You feel Puyi's collapse from divine authority to numbered prisoner through every bowed note the erhu sustains across Bertolucci's Forbidden City frames. The film was the first Western feature authorised by the People's Republic of China to film inside those very walls. The score was the collaborative work of three composers — Ryuichi Sakamoto, David Byrne, and Cong Su — whose unlikely partnership earned an Academy Award. Much like Hokusai, who began changing his name more than 30 times to signal shifts in artistic philosophy, the erhu itself transforms in meaning across the film's timeline, adapting its emotional register to each chapter of Puyi's fractured identity.
From Crouching Tiger to *Hero*: Where the Erhu Appears in Cinema
The erhu rarely stays confined to the concert hall — it bleeds into cinema with the same quiet force it brings to live performance. When you watch Crouching Tiger, Hidden Dragon, you're hearing erhu cameos woven directly into Tan Dun's Oscar-winning score. Ma Xiaohui duets with Yo-Yo Ma on the soundtrack, while Yu Hongmei later performed a full erhu concerto version using the same orchestral parts written for cello.
These cinematic motifs blend Chinese timbres with Western orchestration, evoking martial chivalry and Eastern aesthetics across six distinct movements. The first movement alone layers murmuring drums against lingering strings, pulling you into the film's atmosphere immediately.
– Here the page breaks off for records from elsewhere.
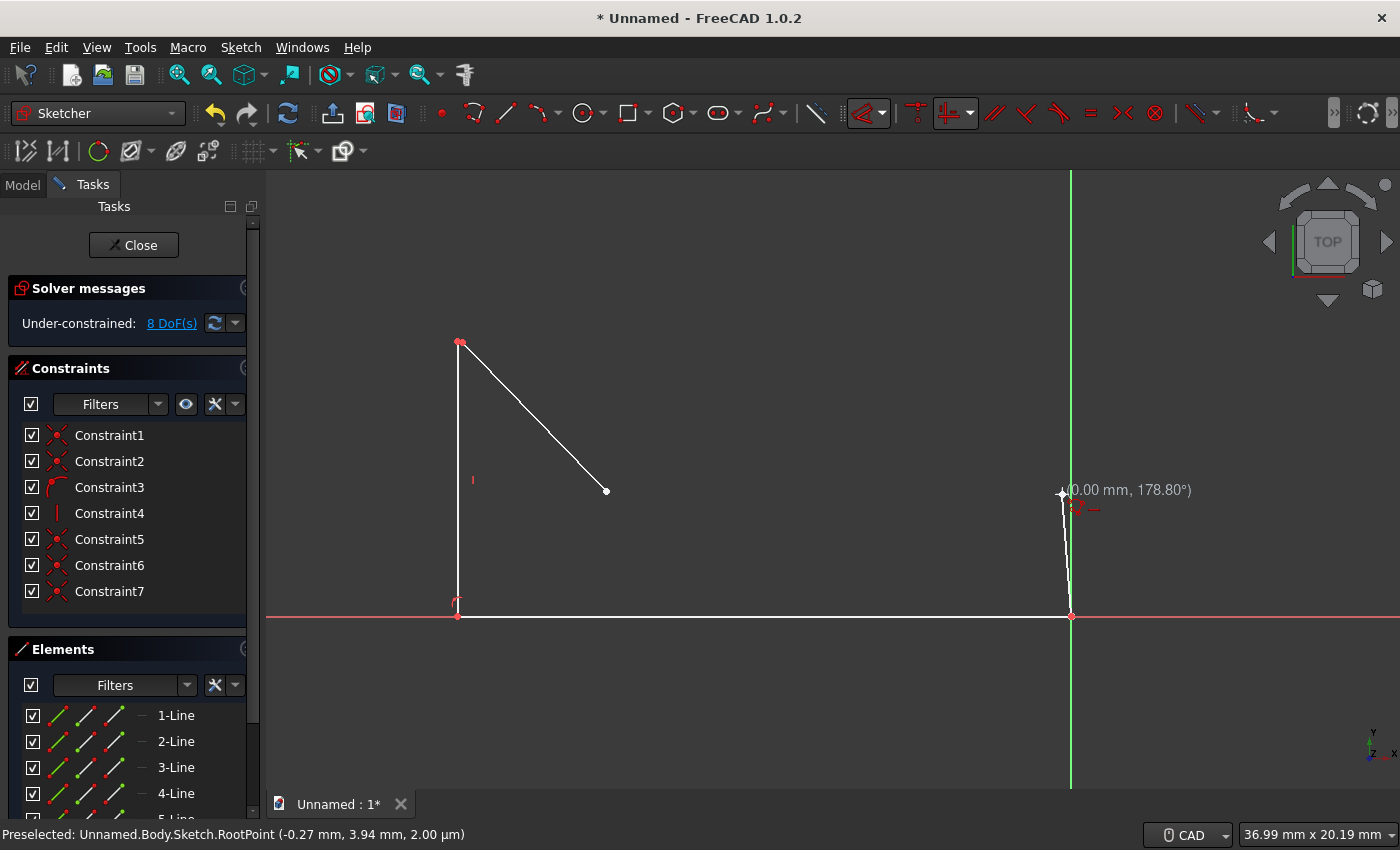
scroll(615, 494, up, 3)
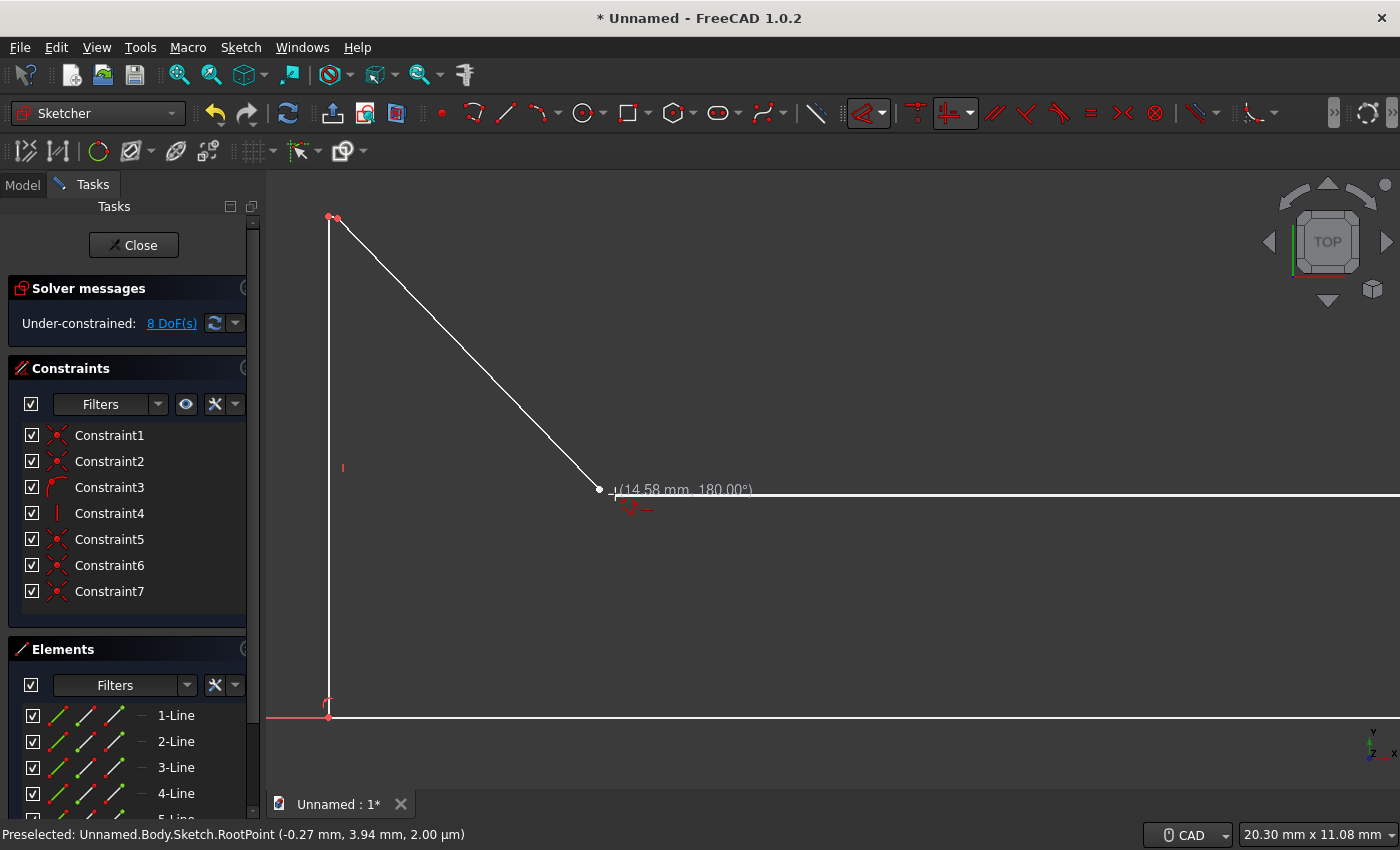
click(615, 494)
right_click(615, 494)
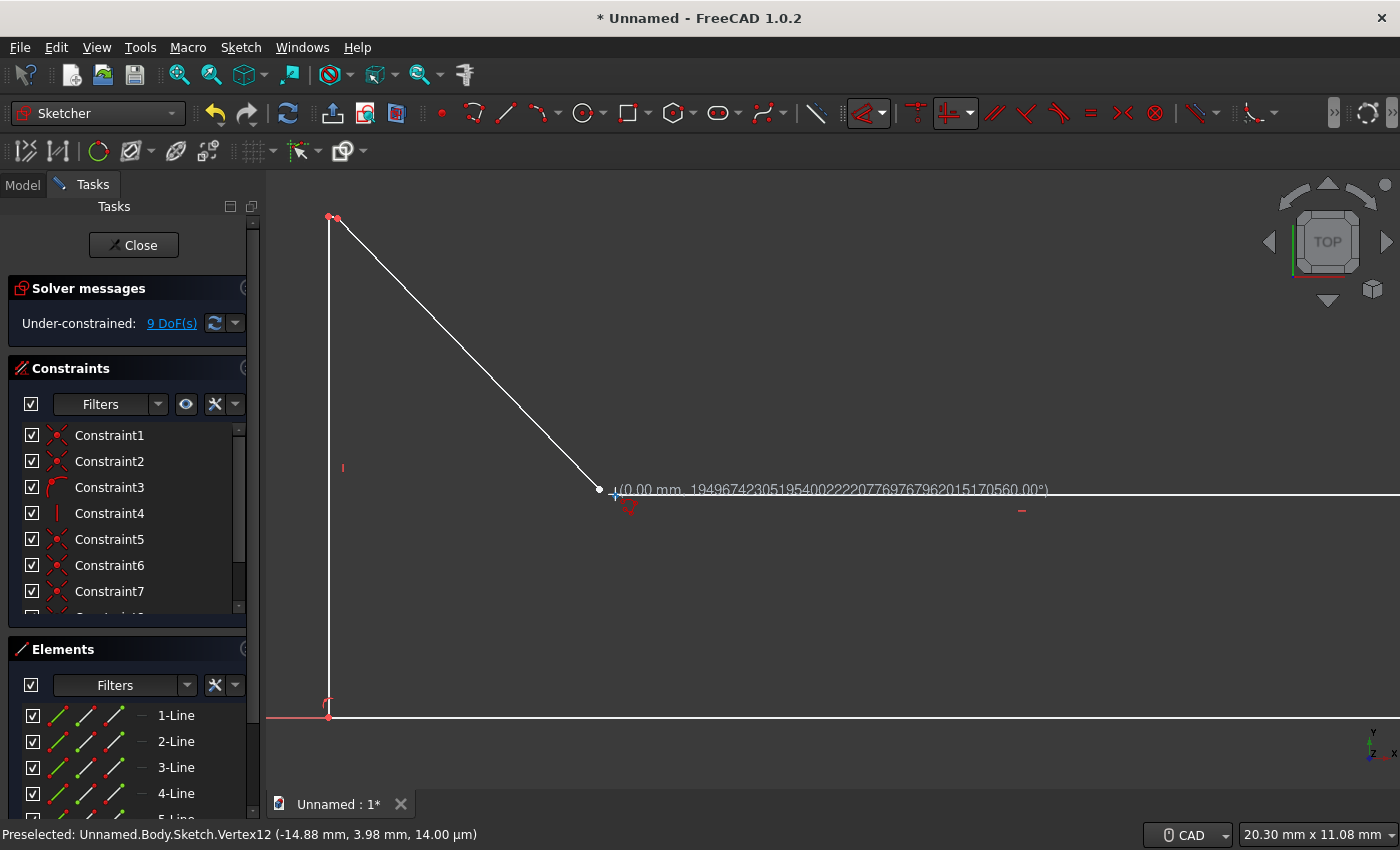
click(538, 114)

Tan Dun didn't just score a film — he gave the erhu a global stage it hadn't occupied before. The erhu concerto adaptation was produced in 2001, following the cello concerto's celebrated premiere in London the previous year. Much like the thin air of La Paz's elevation subtly alters the physical world around it, the erhu's upper register thins and stretches sound in ways that feel almost atmospheric, reshaping the emotional space of every scene it enters.